── ENTRIES PROVIDED
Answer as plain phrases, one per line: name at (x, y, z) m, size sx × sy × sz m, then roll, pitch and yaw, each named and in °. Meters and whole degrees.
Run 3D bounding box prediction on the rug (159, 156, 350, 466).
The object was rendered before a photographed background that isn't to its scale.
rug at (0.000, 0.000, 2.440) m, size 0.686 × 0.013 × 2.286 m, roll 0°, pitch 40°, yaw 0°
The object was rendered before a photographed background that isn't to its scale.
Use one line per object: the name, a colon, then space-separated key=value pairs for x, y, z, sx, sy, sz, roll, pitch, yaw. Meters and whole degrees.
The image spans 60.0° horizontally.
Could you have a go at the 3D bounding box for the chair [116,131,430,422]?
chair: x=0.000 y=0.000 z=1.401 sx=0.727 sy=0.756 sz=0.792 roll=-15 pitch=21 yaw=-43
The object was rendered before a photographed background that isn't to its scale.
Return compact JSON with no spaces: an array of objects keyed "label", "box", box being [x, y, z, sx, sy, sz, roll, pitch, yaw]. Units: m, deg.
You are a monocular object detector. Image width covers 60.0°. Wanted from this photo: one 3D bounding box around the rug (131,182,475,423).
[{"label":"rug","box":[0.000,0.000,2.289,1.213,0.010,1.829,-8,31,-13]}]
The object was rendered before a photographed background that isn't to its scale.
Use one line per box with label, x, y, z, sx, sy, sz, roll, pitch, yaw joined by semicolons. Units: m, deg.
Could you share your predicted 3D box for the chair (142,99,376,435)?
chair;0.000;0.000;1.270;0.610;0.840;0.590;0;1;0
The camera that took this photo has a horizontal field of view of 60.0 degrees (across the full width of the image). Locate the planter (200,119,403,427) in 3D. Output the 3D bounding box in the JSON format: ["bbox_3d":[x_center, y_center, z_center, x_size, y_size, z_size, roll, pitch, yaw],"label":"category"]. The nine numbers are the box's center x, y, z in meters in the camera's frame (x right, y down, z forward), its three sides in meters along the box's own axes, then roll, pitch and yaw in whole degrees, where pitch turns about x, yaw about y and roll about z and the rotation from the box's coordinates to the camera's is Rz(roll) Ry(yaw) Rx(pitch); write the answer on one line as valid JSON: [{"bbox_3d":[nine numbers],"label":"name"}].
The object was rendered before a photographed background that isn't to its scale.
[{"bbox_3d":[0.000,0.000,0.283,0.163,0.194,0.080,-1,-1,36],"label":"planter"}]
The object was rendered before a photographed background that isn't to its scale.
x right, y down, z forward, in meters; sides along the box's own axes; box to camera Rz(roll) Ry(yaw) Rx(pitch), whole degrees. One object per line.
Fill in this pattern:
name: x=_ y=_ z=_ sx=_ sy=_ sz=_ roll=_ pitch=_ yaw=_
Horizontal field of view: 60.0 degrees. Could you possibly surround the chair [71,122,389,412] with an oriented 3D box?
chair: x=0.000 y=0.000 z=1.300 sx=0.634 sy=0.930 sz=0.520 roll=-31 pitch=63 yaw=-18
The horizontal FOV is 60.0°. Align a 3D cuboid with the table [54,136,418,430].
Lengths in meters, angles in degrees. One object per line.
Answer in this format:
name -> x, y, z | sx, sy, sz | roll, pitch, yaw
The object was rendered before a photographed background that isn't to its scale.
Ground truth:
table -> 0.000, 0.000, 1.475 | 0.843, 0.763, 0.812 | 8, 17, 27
────
── ENTRIES PROVIDED
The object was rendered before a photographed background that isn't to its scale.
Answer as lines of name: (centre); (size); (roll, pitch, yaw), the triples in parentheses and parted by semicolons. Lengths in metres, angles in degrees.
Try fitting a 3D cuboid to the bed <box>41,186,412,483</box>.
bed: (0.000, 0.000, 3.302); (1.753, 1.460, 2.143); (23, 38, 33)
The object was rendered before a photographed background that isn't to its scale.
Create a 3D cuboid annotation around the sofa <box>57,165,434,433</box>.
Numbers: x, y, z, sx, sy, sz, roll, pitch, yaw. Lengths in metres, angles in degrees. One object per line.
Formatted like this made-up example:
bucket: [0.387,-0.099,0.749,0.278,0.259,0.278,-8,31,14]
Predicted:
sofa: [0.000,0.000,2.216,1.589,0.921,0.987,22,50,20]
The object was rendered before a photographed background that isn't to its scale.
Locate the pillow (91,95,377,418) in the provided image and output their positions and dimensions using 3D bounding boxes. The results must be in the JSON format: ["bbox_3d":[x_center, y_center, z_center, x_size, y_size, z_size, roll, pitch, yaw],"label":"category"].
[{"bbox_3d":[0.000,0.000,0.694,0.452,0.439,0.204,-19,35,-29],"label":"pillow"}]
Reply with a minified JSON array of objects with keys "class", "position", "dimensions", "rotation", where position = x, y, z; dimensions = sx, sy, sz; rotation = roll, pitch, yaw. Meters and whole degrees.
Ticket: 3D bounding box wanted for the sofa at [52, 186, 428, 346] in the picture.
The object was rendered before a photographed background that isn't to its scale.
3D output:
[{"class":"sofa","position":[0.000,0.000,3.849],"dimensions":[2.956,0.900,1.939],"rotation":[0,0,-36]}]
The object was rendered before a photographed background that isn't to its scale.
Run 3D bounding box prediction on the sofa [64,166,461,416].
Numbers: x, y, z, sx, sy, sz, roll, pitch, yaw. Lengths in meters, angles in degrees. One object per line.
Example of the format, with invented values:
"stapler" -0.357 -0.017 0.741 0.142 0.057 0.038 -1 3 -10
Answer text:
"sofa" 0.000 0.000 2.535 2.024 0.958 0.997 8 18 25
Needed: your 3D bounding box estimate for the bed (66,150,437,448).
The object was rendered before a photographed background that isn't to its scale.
────
**EXERCISE**
How many lines in the listing contain the word "metres"? Answer with the count and nothing else.

**EXPECTED ANSWER**
2